# What to do
Please restate, exactly as written, the lines running from the beginning of the material through the line that has "1. rack frame from (78, 0) to (418, 243)" in it.

# Information supplied
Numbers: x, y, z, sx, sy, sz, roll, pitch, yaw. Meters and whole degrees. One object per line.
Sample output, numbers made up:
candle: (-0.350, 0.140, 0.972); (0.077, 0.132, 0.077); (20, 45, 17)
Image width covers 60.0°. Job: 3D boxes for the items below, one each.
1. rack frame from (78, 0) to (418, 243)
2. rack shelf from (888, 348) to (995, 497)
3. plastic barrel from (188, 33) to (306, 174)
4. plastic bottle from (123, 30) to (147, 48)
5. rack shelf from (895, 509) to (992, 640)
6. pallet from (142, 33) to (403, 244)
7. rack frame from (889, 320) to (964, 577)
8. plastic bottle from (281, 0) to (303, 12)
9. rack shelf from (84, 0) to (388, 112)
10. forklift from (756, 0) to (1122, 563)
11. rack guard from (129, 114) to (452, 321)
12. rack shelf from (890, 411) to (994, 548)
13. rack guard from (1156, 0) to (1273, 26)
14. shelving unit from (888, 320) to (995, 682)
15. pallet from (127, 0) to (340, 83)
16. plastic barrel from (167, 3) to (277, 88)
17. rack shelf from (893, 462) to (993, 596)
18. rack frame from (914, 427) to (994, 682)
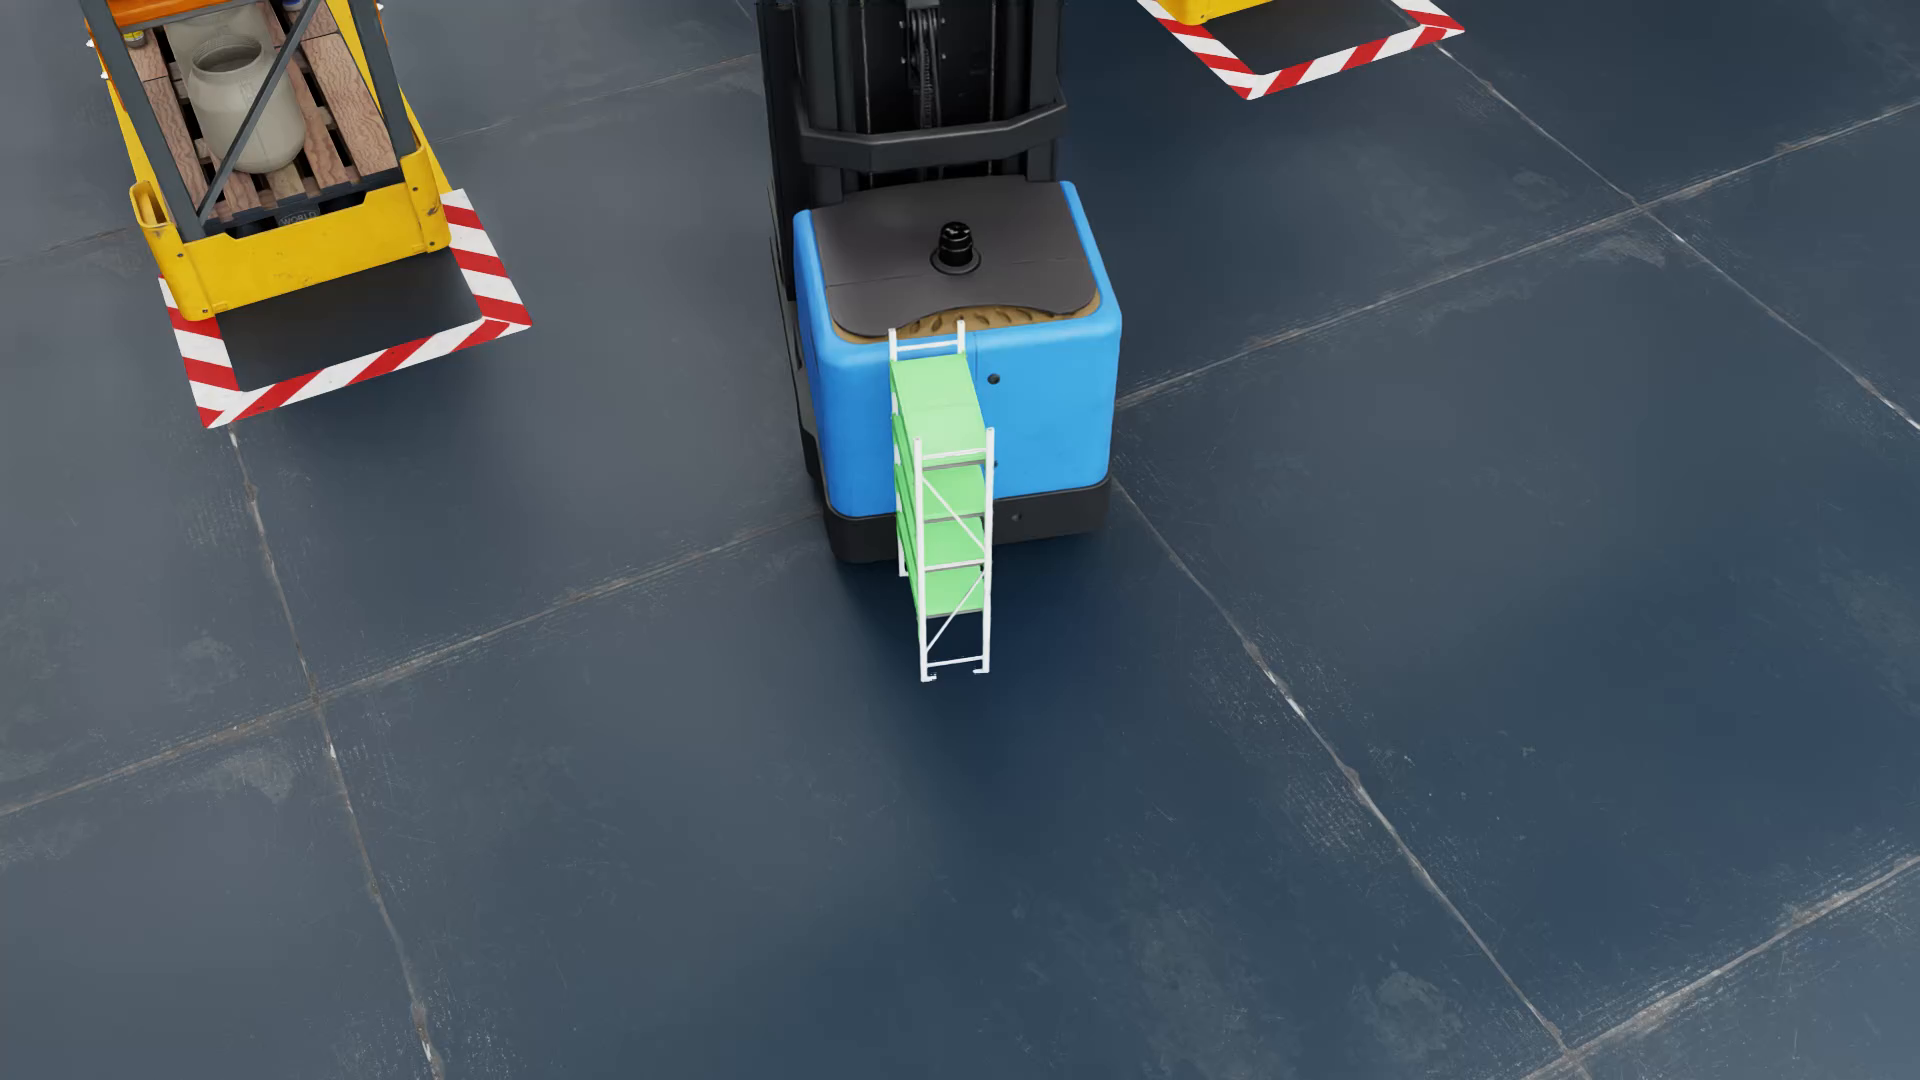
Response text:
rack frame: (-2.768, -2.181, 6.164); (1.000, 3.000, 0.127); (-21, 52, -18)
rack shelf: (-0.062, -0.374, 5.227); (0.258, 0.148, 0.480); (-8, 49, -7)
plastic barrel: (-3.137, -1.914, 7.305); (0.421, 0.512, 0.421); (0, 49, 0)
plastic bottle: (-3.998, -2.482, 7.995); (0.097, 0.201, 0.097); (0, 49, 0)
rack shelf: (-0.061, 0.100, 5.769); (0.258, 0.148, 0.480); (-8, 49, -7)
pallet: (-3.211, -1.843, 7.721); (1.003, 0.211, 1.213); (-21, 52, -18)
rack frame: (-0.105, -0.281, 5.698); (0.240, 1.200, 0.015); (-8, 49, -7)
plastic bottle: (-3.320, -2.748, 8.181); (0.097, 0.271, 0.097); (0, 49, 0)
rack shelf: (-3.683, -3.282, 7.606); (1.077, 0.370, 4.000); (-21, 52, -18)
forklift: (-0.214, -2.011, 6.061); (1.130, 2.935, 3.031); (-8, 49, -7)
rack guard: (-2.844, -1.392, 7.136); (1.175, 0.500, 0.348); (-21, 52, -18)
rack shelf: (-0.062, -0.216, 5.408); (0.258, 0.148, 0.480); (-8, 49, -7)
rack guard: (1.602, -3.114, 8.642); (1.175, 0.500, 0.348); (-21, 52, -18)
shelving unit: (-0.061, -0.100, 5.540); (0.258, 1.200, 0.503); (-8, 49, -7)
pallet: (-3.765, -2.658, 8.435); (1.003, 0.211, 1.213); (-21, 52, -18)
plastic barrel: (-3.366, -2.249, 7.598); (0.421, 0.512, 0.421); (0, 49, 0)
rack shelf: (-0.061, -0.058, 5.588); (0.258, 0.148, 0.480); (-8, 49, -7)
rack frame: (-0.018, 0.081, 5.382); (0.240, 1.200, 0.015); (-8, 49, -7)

# Response below
Numbers: x, y, z, sx, sy, sz, roll, pitch, yaw. Meters and whole degrees. One object per line.
Sample output, numbers made up:
candle: (-0.350, 0.140, 0.972); (0.077, 0.132, 0.077); (20, 45, 17)
Image width covers 60.0°. Job: 3D boxes for the items below, one each.
1. rack frame from (78, 0) to (418, 243)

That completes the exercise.